И все же где-то в глубине, за внешней несхожестью должна выступать общность духа — в нем выражение времени, в нем причина интереса Шадра к этим двум таким различным людям. Умная зоркость и способность к взлету мыслей; убежденность в своей правоте; решительность. И еще одно непременное для всех портретов скульптора: доброта, рожденная чутким вниманием к жизни.
Те черты, над которыми не властны ни годы, ни болезни. Поэтому Шадр не скрывает недугов Красина. Он делает два варианта его портрета: один — бронзовый, установленный на гранитном кубе; второй — мраморный, высеченный из цельной глыбы.
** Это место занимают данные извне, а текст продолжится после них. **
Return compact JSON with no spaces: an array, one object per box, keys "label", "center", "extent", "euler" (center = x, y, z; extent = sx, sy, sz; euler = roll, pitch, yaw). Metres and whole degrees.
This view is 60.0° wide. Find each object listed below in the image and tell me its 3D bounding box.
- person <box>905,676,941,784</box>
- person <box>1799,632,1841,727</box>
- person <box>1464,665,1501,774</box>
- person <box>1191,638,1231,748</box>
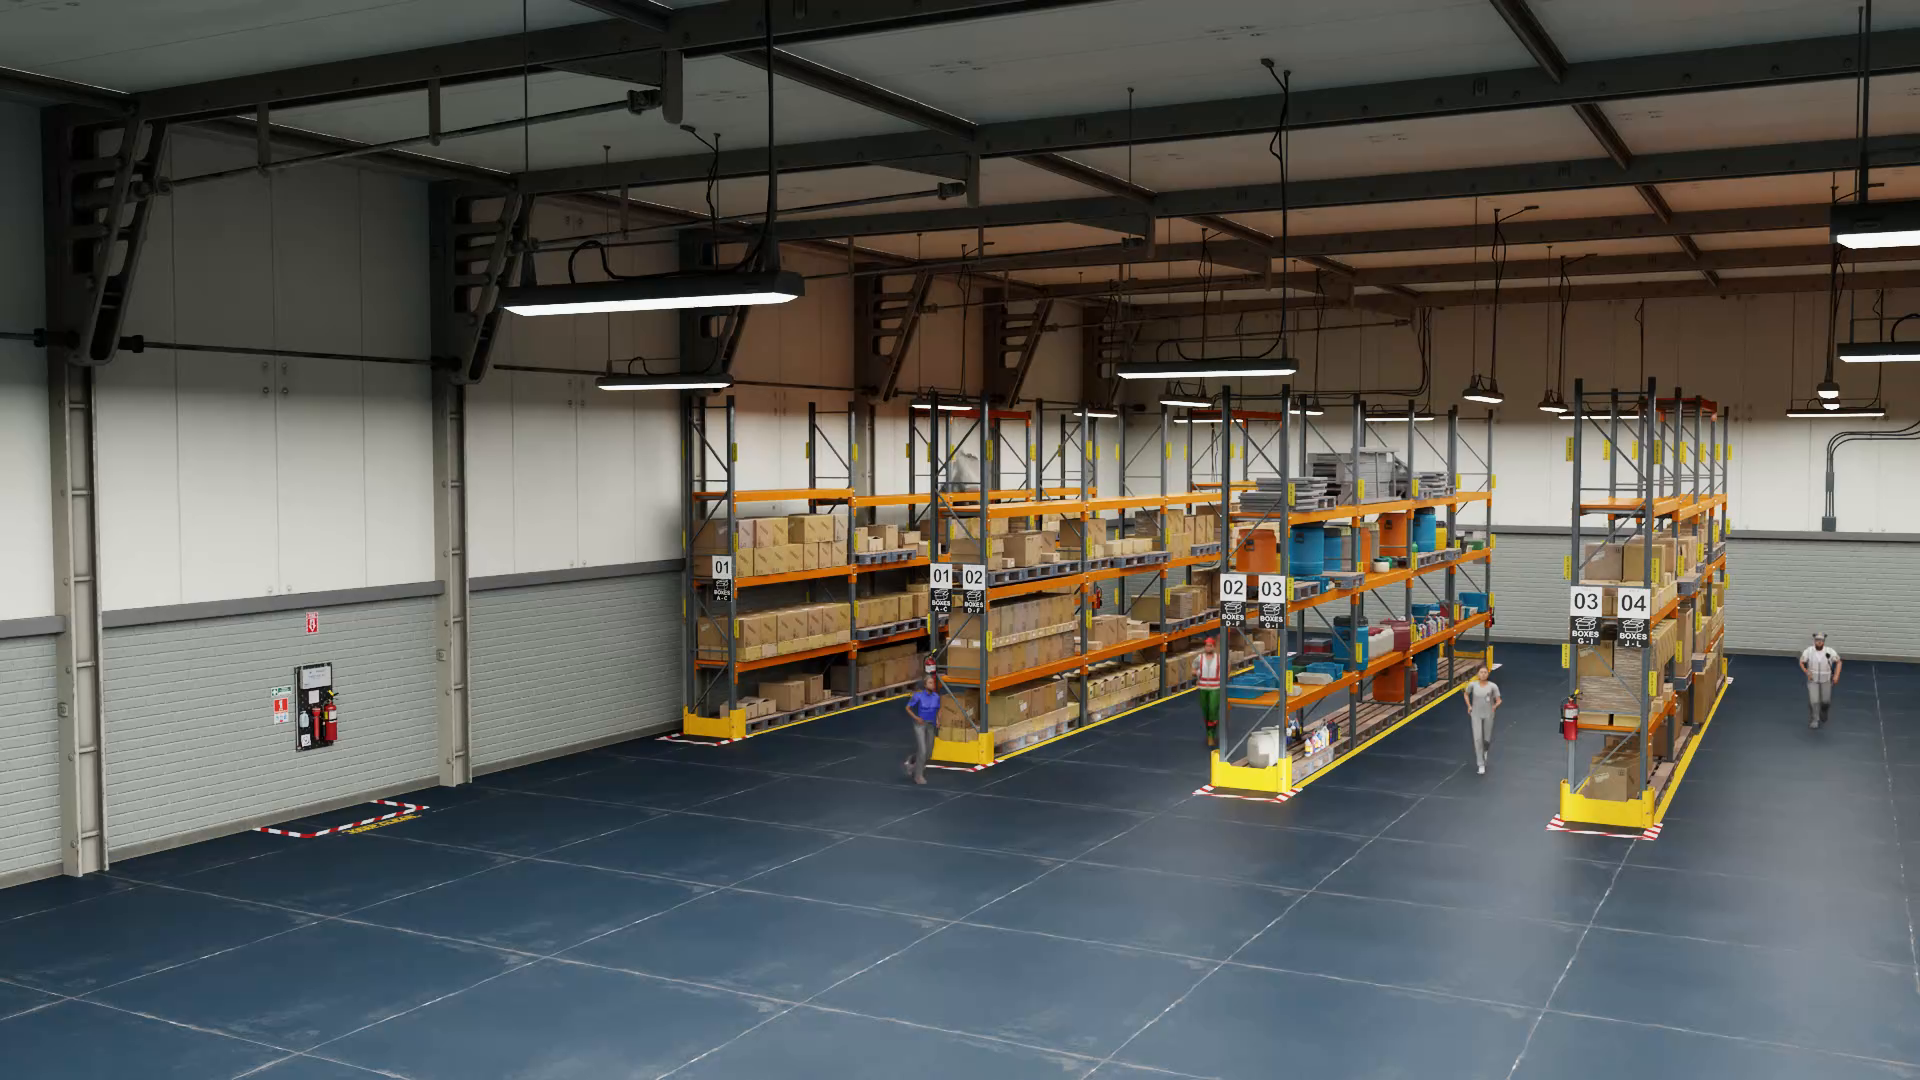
[{"label":"person","center":[-0.556,2.924,25.395],"extent":[0.600,1.530,0.595],"euler":[-2,4,-31]},{"label":"person","center":[15.675,2.542,30.314],"extent":[0.698,1.742,0.594],"euler":[1,3,25]},{"label":"person","center":[8.229,2.807,26.201],"extent":[0.567,1.661,0.821],"euler":[1,3,16]},{"label":"person","center":[4.289,2.594,28.576],"extent":[0.638,1.840,0.774],"euler":[1,3,20]}]

Пожилой, смертельно больной человек силой своей воли как бы вырывается из куска камня.
Смертельно больной… Но ведь человеческая жизнь всегда в исходе своем трагична: каждого подстерегают болезни, ждет смерть. Оптимизм не в том, чтобы молчать о неизбежном. Шадр верит: вдохновляет не улыбка, вдохновляет вера автора в своего героя, мужество изображенного, важность и серьезность идеи, которой он служит, пропорция его духа… Вот Рембрандт — один из самых трагичных художников мира, а его картины заставляют любить жизнь, верить в нее. О жизни надо говорить правдиво, во всей ее сложности, изображать ее такой, какова она есть.
Раздумья увековечены в скульптуре. Работа окончена. Красин уезжает в Лондон. Пора возвращаться в Россию.
12. «БУЛЫЖНИК — ОРУЖИЕ ПРОЛЕТАРИАТА»
Вскоре после возвращения из заграничной поездки Шадр вступает в Общество русских скульпторов, ОРС, организовавшееся в 1926 году[19]
.Это общество объединяло самых разнородных по творческим поискам и устремлениям художников. В него входило 36 человек. Верные академической манере: первый председатель общества В. Н. Догомацкий и Г. И. Кепинов; их произведения (в 1927–1928 годах Кепинов работал над портретом Софьи Перовской, а Домогацкий — над портретом Вересаева) были всегда тщательно отделаны, окончены во всех деталях. В. Д. Королев, бывший одним из самых рьяных кубистов начала двадцатых годов: непривычность художественного языка созданного им памятника Бакунину — пирамиды геометрических, громоздящихся друг на друга объемов, увенчанных не то развевающимся стягом, не то языком пламени, — так испугала публику, что памятник даже не был открыт; отойдя от кубизма, Королев работал лаконично, обобщенно, стремясь в портретах и монументах не столько к воссозданию точного облика человека, сколько к воспроизведению духа эпохи. В. И. Мухина, даже в небольших вещах тяготевшая к монументальным формам и символическим обобщениям. С. Д. Лебедева, считавшая главным в скульптуре психологическую точность и выразительность лиц; она почти всегда работала с натуры, с натуры лепила даже портрет Дзержинского, хотя пронести скульптурный станок и глину в его рабочий кабинет было чрезвычайно сложно. Пришедший к строгому реализму Н. А. Андреев — он продолжал свою Лениниану — и его брат Вячеслав Андреев. Изысканно-утонченный, создающий своеобразно-стилизованные портреты и композиции на мифологические темы С. Д. Эрьзя (Нефедов); в Париже, где только что прошумела его выставка, его называли «русским Роденом». И. А. Ефимов, беззаветно влюбленный в творчество русских народных мастеров — богородских резчиков, каслинских литейщиков и даже пряничников: «Вот у кого надо учиться!» Д. Ф. Цаплин, уверенный, что скульпторам нужно равняться только на Египет. Склонные к крупным монументально-декоративным формам М. Д. Рындзюнская и Б. Ю. Сандомирская, старающиеся перенести в свои произведения принципы архаической скульптуры. Работающий не только в скульптуре, но и в керамике, фарфоре, фаянсе, убежденный защитник значительности прикладного мастерства И. Г. Фрих-Хар.
Председателем ОРСа ко времени вступления в него Шадра стал И. М. Чайков — в те дни он работал над сложной скульптурно-инженерной конструкцией «Башня Октября»: железные кольца поддерживали фигуру с серпом и молотом. Заместителем его — анималист В. А. Ватагин, пленявший Шадра удивительным сочетанием точности резца и дружелюбия к своим героям — животным.
Орсовцев, по их словам, объединяло не только желание сплотить «всех скульпторов, занимающихся скульптурой как искусством, ставящих перед собой серьезные художественные задачи, выделив из той массы скульпторов-халтурщиков, которые начали вырастать при оживившемся спросе государства на монументальную пропаганду», но и «обращение к социальной тематике не столько в бытовом, сколько в символическом ее значении; искание путей к реалистической форме, уходящей, однако, от натурализма в сторону монументального обобщения».